_WHAT THE TASK REQUIRES_.
Set down again, exactly and only, the lines from the one that contains "roll pitch yaw" through the last line of the records below, both included, but not the pictures.

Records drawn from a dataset
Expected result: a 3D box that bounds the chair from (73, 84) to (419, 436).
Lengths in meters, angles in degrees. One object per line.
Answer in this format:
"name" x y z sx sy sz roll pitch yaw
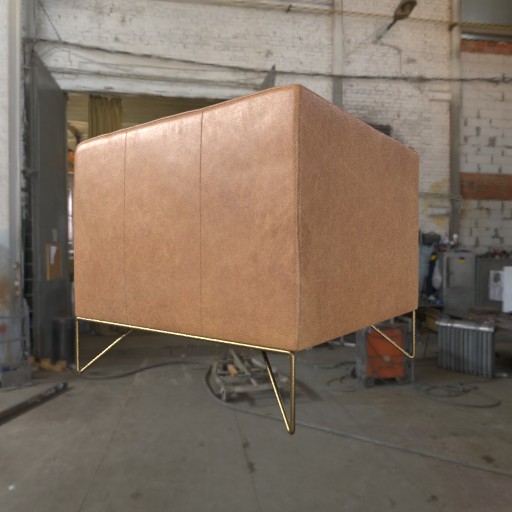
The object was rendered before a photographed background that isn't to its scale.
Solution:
"chair" 0.000 0.000 1.602 0.912 0.797 0.920 1 1 36

_RESPONSE TO THE EXERCISE_.
"name" x y z sx sy sz roll pitch yaw
The object was rendered before a photographed background that isn't to its scale.
Solution:
"chair" 0.000 0.000 1.602 0.912 0.797 0.920 1 1 36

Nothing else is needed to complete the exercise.